As the building had been opened in 2003 by the then Lord Lieutenant, Sir Thomas Dunne, we were glad to welcome the current Lord Lieutenant, the Countess of Darnley, of The Freeth, Thornbury. After the chairman had spoken about the society’s achievements in the past ten years, Lady Darnley congratulated everyone concerned. She toured both the exhibition and the research room and archive stores upstairs, and declared herself impressed. She met many of those concerned with the conversion of the building, and those currently running the society, and left a research query: the significance of the name of the house where she and Lord Darnley (who was also present) currently live. (The answer proved to be that the various forms of the Anglo-Saxon fyrdh(e) signify “land overgrown with brushwood, scrubland on the edge of farmland”. It usually appears in place-names as “frith”. In modern Welsh the borrowed word fridd is the rough grazing above the in-bye farmland.)
Charles Gordon Clark, secretary BDLHS
Coming up – see programme for more events
Tuesday 11th June – Repeat visit to the National Memorial Arboretum – www.thenma.org.uk. Cost £15.00 payable at time of booking please. Coach leaving Conquest Theatre Car Park at 9am. Booking essential: 01885 482543/077234 23354
Sunday 1st September - Frocester trip - Leaving Conquest Theatre Car Park at 9.00am, 10.30am arrive Frocester Court– guided tour. Please bring a packed lunch which we have the kind permission to consume in the garden. Depart 1.30pm to go to Woodchester Mansion 2.00pm arrive – guided tour at 2.30pm and tea and cakes before departure at 4.30pm. Arrive back in Bromyard at 6pm. Cost TBA.
Frocester Court is a mansion within the village. Once much larger, it was vastly reduced in size in the mid 19th century. The Victorian rebuilding of the house and its precincts hid many medieval features which remain in situ. Parts of the house predate the Reformation, while other parts date from the 15th century.
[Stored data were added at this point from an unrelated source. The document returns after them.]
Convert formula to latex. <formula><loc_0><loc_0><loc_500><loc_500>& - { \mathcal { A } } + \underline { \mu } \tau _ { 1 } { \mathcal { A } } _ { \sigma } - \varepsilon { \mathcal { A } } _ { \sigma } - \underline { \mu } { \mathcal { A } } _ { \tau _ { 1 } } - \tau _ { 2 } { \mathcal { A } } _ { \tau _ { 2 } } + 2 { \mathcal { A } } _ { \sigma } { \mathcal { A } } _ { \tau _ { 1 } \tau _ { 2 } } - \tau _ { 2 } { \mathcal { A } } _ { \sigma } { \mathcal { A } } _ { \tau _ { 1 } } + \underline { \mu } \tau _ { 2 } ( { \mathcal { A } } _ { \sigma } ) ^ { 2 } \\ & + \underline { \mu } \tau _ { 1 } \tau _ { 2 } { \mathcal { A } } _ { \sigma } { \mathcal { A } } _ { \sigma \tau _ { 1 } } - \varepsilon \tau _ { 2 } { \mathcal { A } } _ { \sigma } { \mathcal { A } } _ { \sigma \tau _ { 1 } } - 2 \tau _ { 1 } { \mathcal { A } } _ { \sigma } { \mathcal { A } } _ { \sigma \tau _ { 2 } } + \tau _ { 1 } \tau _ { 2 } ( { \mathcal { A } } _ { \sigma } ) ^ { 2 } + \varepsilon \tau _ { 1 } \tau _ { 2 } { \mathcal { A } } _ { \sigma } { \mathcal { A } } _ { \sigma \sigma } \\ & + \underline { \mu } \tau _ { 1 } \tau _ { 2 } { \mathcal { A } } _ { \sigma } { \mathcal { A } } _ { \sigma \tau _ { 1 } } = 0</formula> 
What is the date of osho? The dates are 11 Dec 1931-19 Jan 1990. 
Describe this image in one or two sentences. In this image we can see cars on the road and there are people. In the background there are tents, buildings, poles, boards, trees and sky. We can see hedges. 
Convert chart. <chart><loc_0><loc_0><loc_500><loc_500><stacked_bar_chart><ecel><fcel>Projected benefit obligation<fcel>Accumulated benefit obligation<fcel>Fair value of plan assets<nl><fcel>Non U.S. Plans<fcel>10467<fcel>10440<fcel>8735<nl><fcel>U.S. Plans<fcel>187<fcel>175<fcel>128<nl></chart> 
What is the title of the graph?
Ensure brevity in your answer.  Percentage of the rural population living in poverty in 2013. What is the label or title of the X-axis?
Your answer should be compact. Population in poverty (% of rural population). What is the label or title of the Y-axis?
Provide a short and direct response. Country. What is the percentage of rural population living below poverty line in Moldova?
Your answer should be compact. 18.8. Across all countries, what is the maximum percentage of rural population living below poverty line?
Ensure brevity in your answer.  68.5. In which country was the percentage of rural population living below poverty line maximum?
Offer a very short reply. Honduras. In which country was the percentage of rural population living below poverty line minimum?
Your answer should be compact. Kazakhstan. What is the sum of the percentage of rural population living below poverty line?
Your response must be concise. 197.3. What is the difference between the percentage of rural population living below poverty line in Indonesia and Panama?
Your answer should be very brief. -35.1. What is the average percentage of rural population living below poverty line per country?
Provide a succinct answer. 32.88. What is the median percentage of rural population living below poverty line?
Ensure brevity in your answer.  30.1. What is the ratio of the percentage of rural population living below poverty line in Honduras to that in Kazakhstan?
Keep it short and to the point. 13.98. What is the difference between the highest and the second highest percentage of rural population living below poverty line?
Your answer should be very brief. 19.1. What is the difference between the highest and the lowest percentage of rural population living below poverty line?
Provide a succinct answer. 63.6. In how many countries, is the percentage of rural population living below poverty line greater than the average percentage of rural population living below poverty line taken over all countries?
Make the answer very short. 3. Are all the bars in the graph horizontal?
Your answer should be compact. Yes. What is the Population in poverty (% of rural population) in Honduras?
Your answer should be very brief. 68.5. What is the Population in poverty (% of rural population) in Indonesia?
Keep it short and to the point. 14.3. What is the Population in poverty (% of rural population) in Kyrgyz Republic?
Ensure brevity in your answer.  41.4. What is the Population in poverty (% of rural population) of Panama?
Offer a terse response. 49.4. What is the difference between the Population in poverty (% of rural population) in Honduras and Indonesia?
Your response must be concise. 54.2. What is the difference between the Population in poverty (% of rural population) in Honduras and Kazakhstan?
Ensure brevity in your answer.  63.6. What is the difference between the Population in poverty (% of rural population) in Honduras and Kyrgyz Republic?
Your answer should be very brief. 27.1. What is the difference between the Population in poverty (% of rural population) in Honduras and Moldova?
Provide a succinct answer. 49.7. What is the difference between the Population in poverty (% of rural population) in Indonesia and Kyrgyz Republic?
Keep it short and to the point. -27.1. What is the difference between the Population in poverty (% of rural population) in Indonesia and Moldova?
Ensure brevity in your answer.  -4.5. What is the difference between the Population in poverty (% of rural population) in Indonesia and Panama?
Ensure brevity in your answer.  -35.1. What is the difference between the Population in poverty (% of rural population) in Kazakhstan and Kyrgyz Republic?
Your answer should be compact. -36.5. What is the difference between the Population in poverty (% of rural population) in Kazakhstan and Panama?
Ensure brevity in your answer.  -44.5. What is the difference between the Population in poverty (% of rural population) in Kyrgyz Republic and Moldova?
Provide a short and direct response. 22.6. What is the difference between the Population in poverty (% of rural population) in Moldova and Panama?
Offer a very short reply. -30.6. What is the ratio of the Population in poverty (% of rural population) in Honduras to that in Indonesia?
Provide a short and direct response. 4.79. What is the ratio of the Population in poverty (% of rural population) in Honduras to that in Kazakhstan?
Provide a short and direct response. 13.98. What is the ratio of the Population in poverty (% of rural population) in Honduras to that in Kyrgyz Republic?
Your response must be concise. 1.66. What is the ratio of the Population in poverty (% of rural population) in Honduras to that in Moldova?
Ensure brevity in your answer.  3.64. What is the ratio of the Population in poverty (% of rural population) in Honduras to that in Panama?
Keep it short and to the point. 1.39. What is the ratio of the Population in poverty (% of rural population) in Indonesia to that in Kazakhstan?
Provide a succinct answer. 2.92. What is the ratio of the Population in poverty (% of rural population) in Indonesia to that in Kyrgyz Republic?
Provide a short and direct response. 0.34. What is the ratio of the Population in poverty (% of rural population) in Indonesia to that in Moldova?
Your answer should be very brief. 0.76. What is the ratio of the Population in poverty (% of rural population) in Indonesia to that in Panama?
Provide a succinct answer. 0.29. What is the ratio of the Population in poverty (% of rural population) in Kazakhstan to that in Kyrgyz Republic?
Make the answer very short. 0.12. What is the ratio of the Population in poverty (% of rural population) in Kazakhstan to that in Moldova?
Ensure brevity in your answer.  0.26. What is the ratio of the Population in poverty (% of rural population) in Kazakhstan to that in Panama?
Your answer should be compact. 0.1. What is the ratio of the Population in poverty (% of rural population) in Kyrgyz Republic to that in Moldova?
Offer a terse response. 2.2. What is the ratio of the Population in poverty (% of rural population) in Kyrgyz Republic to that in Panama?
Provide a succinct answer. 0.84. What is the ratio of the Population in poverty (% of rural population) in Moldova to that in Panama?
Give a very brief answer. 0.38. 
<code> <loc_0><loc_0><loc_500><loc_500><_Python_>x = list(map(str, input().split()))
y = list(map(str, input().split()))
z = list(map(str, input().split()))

The grounds have a late medieval dovecote and a 14th century tithe barn. The site of a Roman villa was discovered at Frocester Court dating from around 270 AD to the 5th century. During excavations it was discovered to be of a winged corridor plan with a hypocaust and mosaic, forge and corn dryer. A series of ditches pre-dating the villa were also in evidence. The villa has been extensively robbed, largely during the 13th century and it is suggested that the stone may have been re-used in the building of the nearby tithe barn. Woodchester Mansion (www.woodchestermansion.org.uk) is a 19th Century Victorian Gothic Masterpiece mysteriously abandoned mid-construction in 1873. Hidden in a secluded Cotswold valley, it is untouched by time and the modern world. This Grade 1 Listed Building has been saved from dereliction, but will never be completed. Visitors walk through an extraordinary architectural exhibit in which the secrets of the medieval Gothic builders and masons are laid bare. The carvings in Woodchester Mansion are among the finest of their kind in the world.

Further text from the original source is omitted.